ABD Yönetimi ve Gazze Faciası: Uyarıları Görmezden Gelen Ortaklık
Geçen ekim ayında, İsrail’in Gazze’deki binlerce sivilin hayatına mal olan saldırılarını başlatmasıyla, birçok ABD’li yetkilinin gizli e-postalar aracılığıyla hükümeti uyardığı ortaya çıktı. Yetkililer, kitlesel tahliyenin insani bir felaket olacağını ve uluslararası hukuku ihlal ederek savaş suçu suçlamalarına yol açabileceğini belirttiler. Reuters, krizin başlamasından sadece birkaç gün sonra, 11-14 Ekim tarihlerinde ABD yönetim yetkilileri arasında üç e-posta dizisini inceledi.

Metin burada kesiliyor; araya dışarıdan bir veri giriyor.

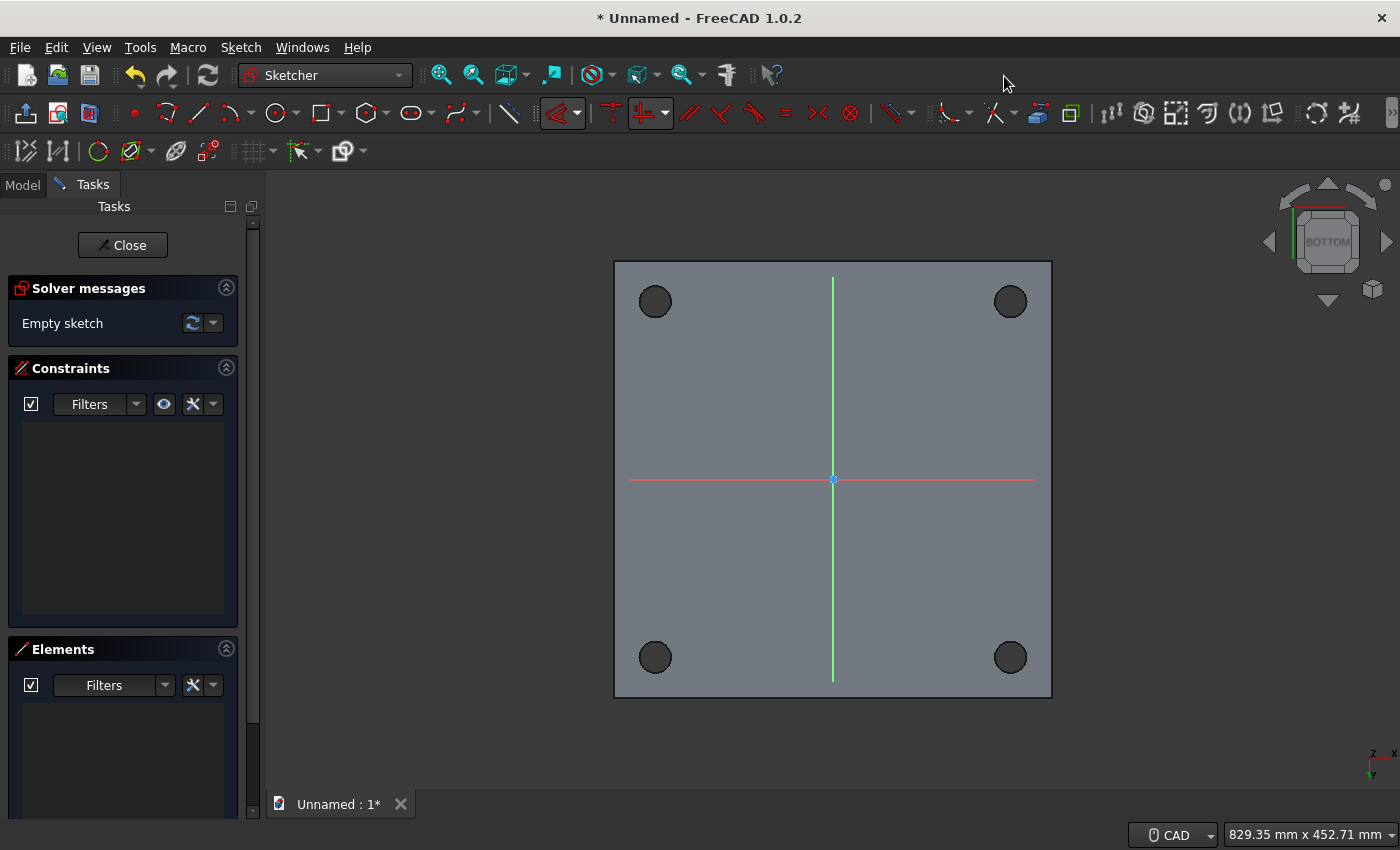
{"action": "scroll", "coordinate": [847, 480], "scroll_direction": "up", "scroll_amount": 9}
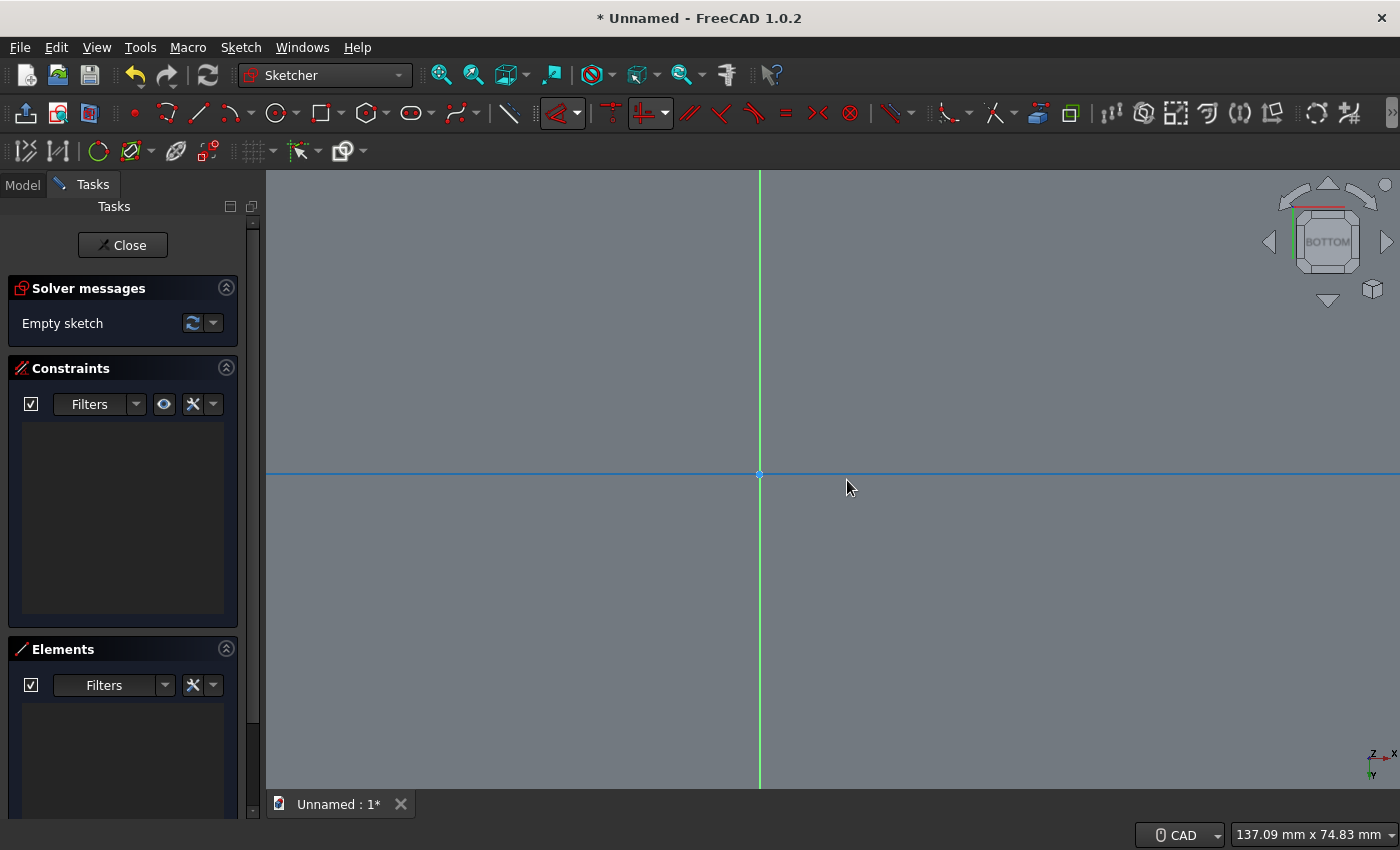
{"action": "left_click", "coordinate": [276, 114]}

ABD hükümetinin etkisiz kaldığını belirten yetkililer, savaş süresince tek tek istifalarını açıkladılar. Bu sırada ABD Başkanı Biden’ın Gazze ile ilgili sözleri, İsrail Başbakanı Netanyahu’ya Hamas’a karşı geniş bir serbestlik tanıdı. Peki tüm uyarıları dikkate almayan ABD hükümeti, Gazze’deki faciaya adım adım nasıl ortak oldu?İsrail, geçen yıl ekim ayında Gazze’nin kuzeyine hava saldırıları düzenlemeye başlayarak bölgeden bir milyondan fazla Filistinlinin tahliyesini emretti.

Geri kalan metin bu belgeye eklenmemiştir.